The other big concern is the type of discussion that is likely in
corresponding thread. Are people going to have a conversation of discovery
together? or are they just going to bash each other? Each time they bash each
other, the health points of this community take a hit, so this is an
existential issue for the site. Will HN be a garden of curiosities or a
battlefield? It can't be both, and battlefield wins by default and ends in
scorched earth. Nothing intellectually interesting about that.

Yes, there are political posts on HN every day that don't get flagged, but
that's not because there's carte blanche for politics. It's because some
intellectually curious topics have political overlap. The first is the active
ingredient; the second is secondary. I wrote about this recently here:
[https://news.ycombinator.com/item?id=19720659](https://news.ycombinator.com/item?id=19720659).
I wrote a long comment from the opposite angle, defending political articles
on HN, here:
[https://news.ycombinator.com/item?id=17014869](https://news.ycombinator.com/item?id=17014869).

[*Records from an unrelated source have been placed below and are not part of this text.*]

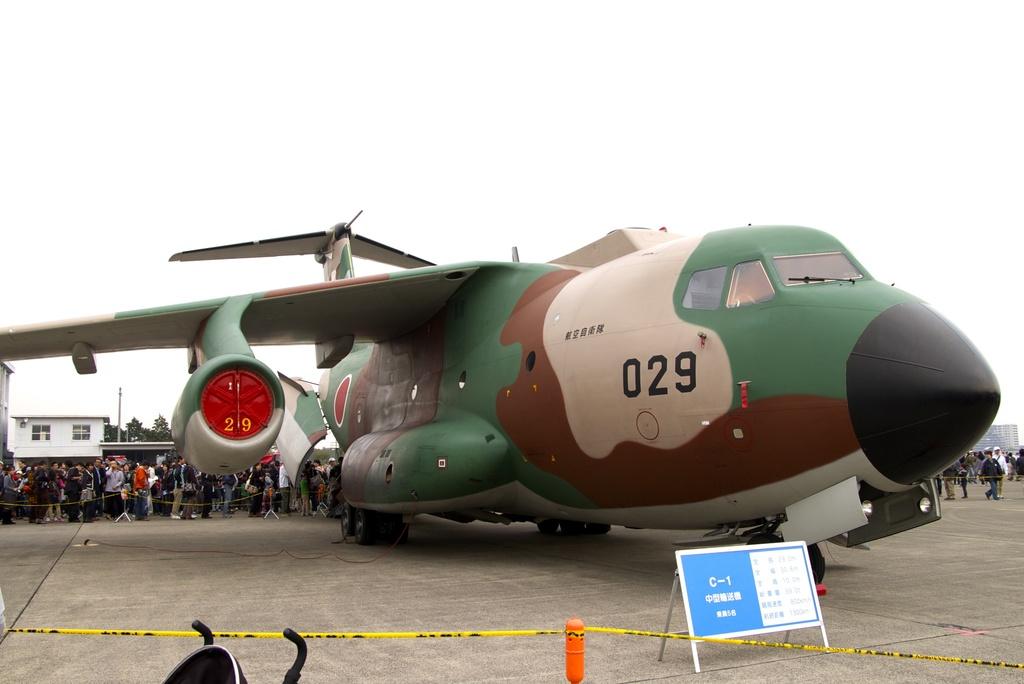What is the id number of the plane?
Your answer should be compact. 029. What runway is the plan on?
Make the answer very short. C-1. 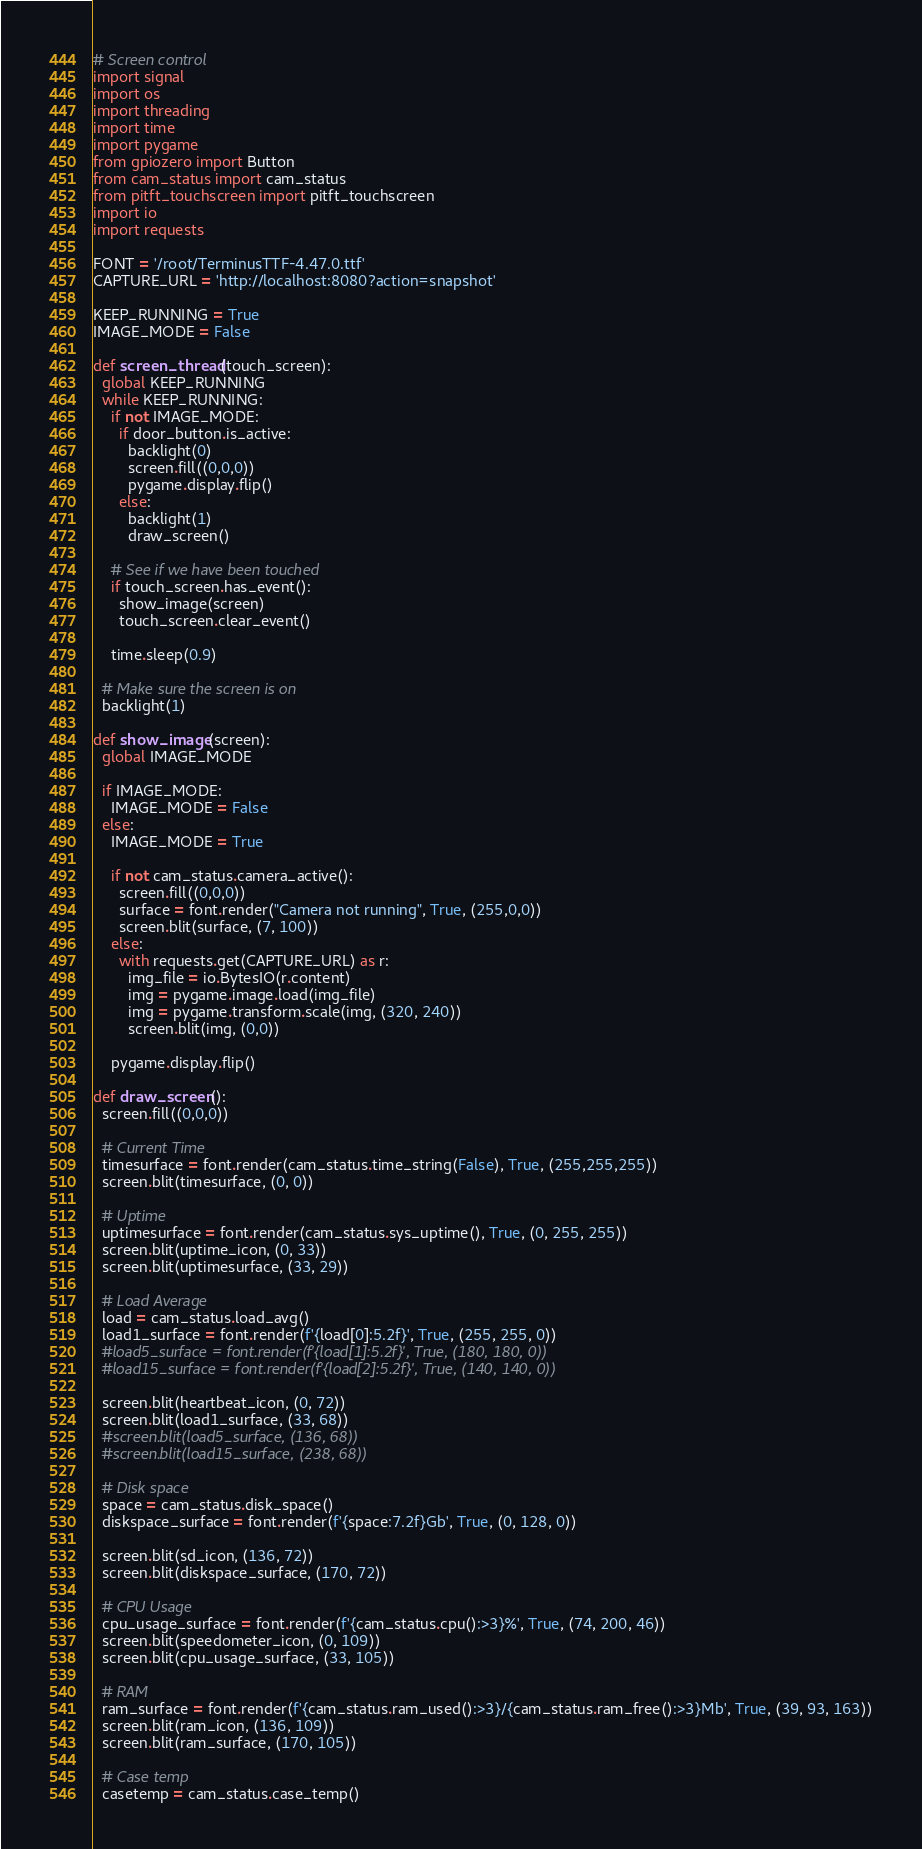Convert code to text. <code><loc_0><loc_0><loc_500><loc_500><_Python_># Screen control
import signal
import os
import threading
import time
import pygame
from gpiozero import Button
from cam_status import cam_status
from pitft_touchscreen import pitft_touchscreen
import io
import requests

FONT = '/root/TerminusTTF-4.47.0.ttf'
CAPTURE_URL = 'http://localhost:8080?action=snapshot'

KEEP_RUNNING = True
IMAGE_MODE = False

def screen_thread(touch_screen):
  global KEEP_RUNNING
  while KEEP_RUNNING:
    if not IMAGE_MODE:
      if door_button.is_active:
        backlight(0)
        screen.fill((0,0,0))
        pygame.display.flip()
      else:
        backlight(1)
        draw_screen()

    # See if we have been touched
    if touch_screen.has_event():
      show_image(screen)
      touch_screen.clear_event()

    time.sleep(0.9)

  # Make sure the screen is on
  backlight(1)

def show_image(screen):
  global IMAGE_MODE

  if IMAGE_MODE:
    IMAGE_MODE = False
  else:
    IMAGE_MODE = True

    if not cam_status.camera_active():
      screen.fill((0,0,0))
      surface = font.render("Camera not running", True, (255,0,0))
      screen.blit(surface, (7, 100))
    else:
      with requests.get(CAPTURE_URL) as r:
        img_file = io.BytesIO(r.content)
        img = pygame.image.load(img_file)
        img = pygame.transform.scale(img, (320, 240))
        screen.blit(img, (0,0))

    pygame.display.flip()
  
def draw_screen():
  screen.fill((0,0,0))

  # Current Time
  timesurface = font.render(cam_status.time_string(False), True, (255,255,255))
  screen.blit(timesurface, (0, 0))

  # Uptime
  uptimesurface = font.render(cam_status.sys_uptime(), True, (0, 255, 255))
  screen.blit(uptime_icon, (0, 33))
  screen.blit(uptimesurface, (33, 29))

  # Load Average
  load = cam_status.load_avg()
  load1_surface = font.render(f'{load[0]:5.2f}', True, (255, 255, 0))
  #load5_surface = font.render(f'{load[1]:5.2f}', True, (180, 180, 0))
  #load15_surface = font.render(f'{load[2]:5.2f}', True, (140, 140, 0))

  screen.blit(heartbeat_icon, (0, 72))
  screen.blit(load1_surface, (33, 68))
  #screen.blit(load5_surface, (136, 68))
  #screen.blit(load15_surface, (238, 68))

  # Disk space
  space = cam_status.disk_space()
  diskspace_surface = font.render(f'{space:7.2f}Gb', True, (0, 128, 0))

  screen.blit(sd_icon, (136, 72))
  screen.blit(diskspace_surface, (170, 72))

  # CPU Usage
  cpu_usage_surface = font.render(f'{cam_status.cpu():>3}%', True, (74, 200, 46))
  screen.blit(speedometer_icon, (0, 109))
  screen.blit(cpu_usage_surface, (33, 105))

  # RAM
  ram_surface = font.render(f'{cam_status.ram_used():>3}/{cam_status.ram_free():>3}Mb', True, (39, 93, 163))
  screen.blit(ram_icon, (136, 109))
  screen.blit(ram_surface, (170, 105))

  # Case temp
  casetemp = cam_status.case_temp()</code> 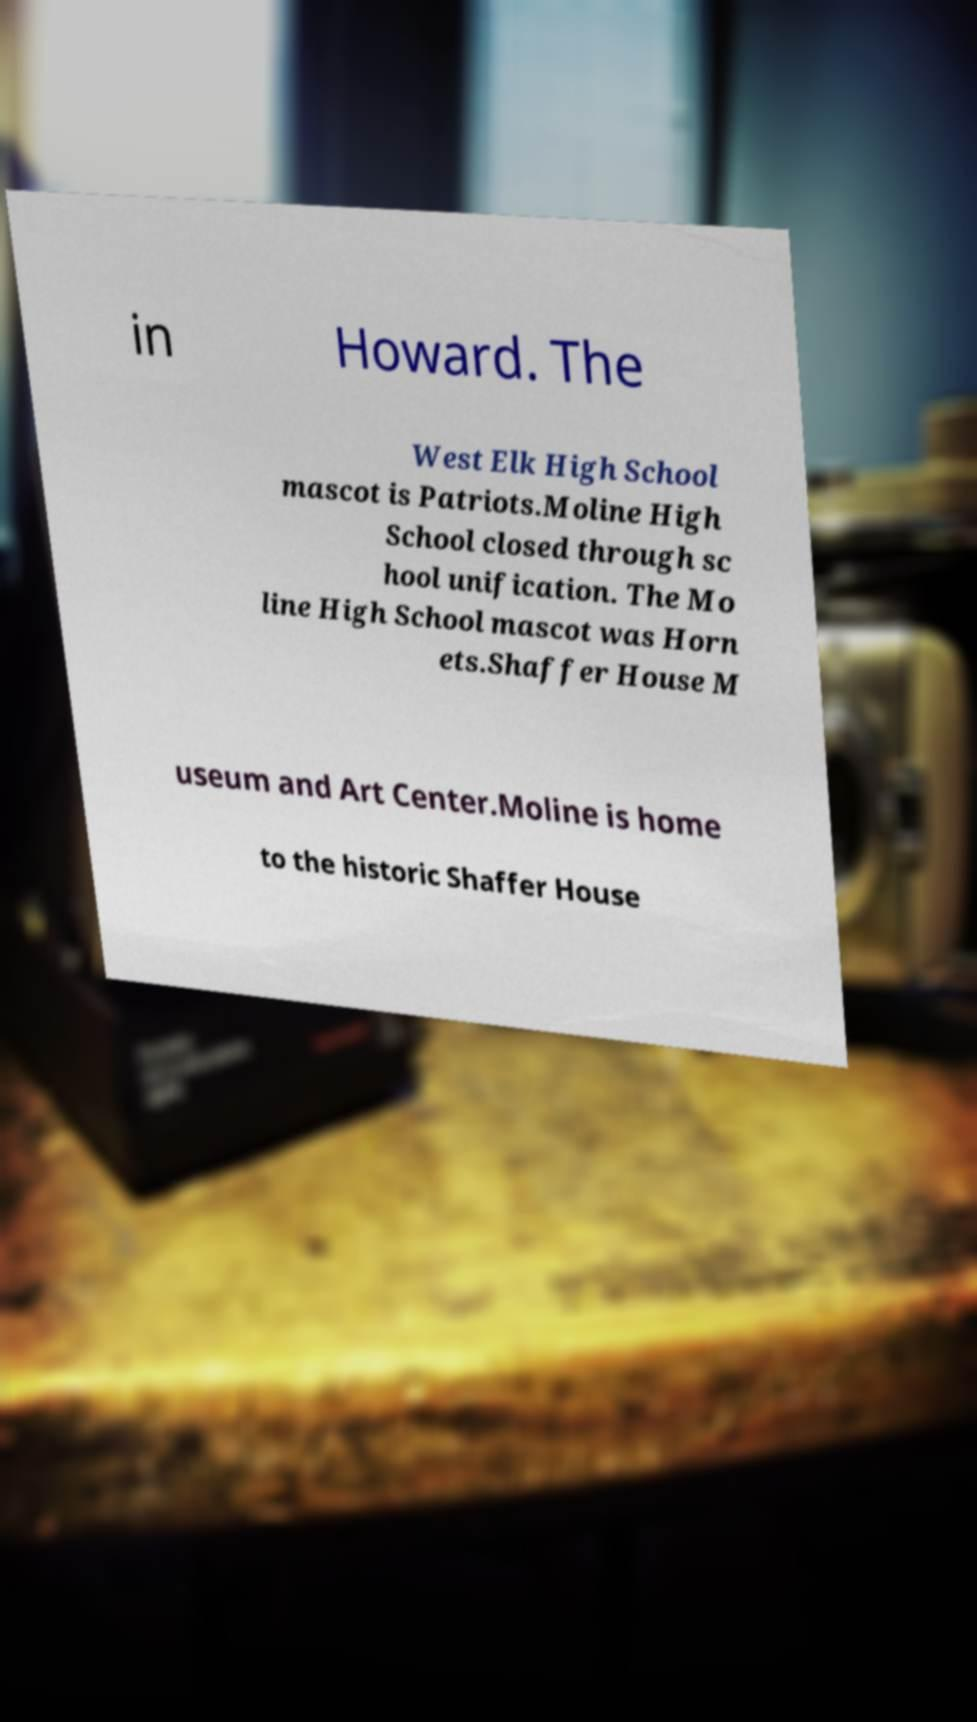Please read and relay the text visible in this image. What does it say? in Howard. The West Elk High School mascot is Patriots.Moline High School closed through sc hool unification. The Mo line High School mascot was Horn ets.Shaffer House M useum and Art Center.Moline is home to the historic Shaffer House 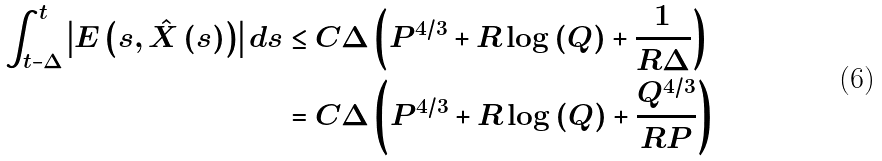Convert formula to latex. <formula><loc_0><loc_0><loc_500><loc_500>\int _ { t - \Delta } ^ { t } \left | E \left ( s , \hat { X } \left ( s \right ) \right ) \right | d s & \leq C \Delta \left ( P ^ { 4 / 3 } + R \log \left ( Q \right ) + \frac { 1 } { R \Delta } \right ) \\ & = C \Delta \left ( P ^ { 4 / 3 } + R \log \left ( Q \right ) + \frac { Q ^ { 4 / 3 } } { R P } \right )</formula> 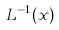Convert formula to latex. <formula><loc_0><loc_0><loc_500><loc_500>L ^ { - 1 } ( x )</formula> 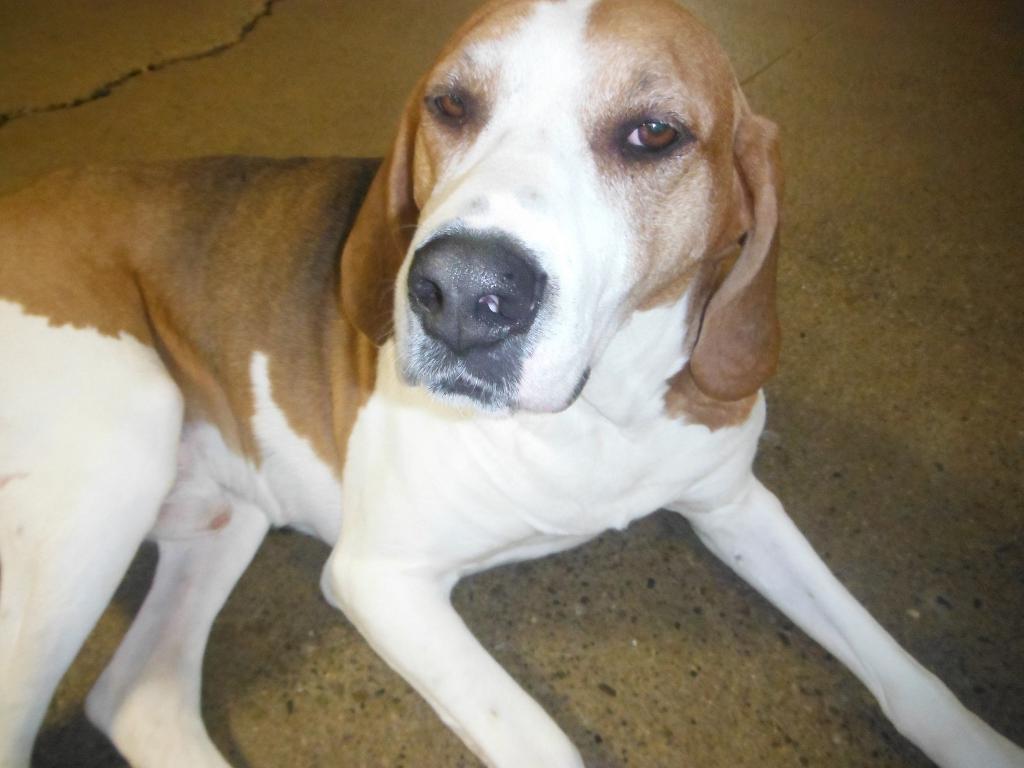In one or two sentences, can you explain what this image depicts? In the picture I can see a dog which is in brown and white color is on the floor.

I grant that the article you submitted also has information that isn't just
about current power struggles—it contains historical detail, information about
the relationship between the branches of government. But it is too close to
the bullseye of partisan conflict for it to fall on the good side of the line
for HN.

It's true that all of this is mightily subject to interpretation. But de facto
standards have developed over the 12 years that HN has been around, which are
not as arbitrary as they at first seem. That's for sure why your submission
got flagged. The moderators and the community broadly agree on what those
standards are—not by coincidence; it's because the moderators are mostly
following the community's lead, while occasionally nudging it in new
directions. If you want to see an example of a nudge,
[https://news.ycombinator.com/item?id=19754780](https://news.ycombinator.com/item?id=19754780)
is a recent one. Note that while that article had political charge, its
material wasn't primarily political. That's the kind of thing that's more
likely to be on topic here.

p.s. The guidelines say to stick with the original title unless it's
misleading or linkbait—important exceptions!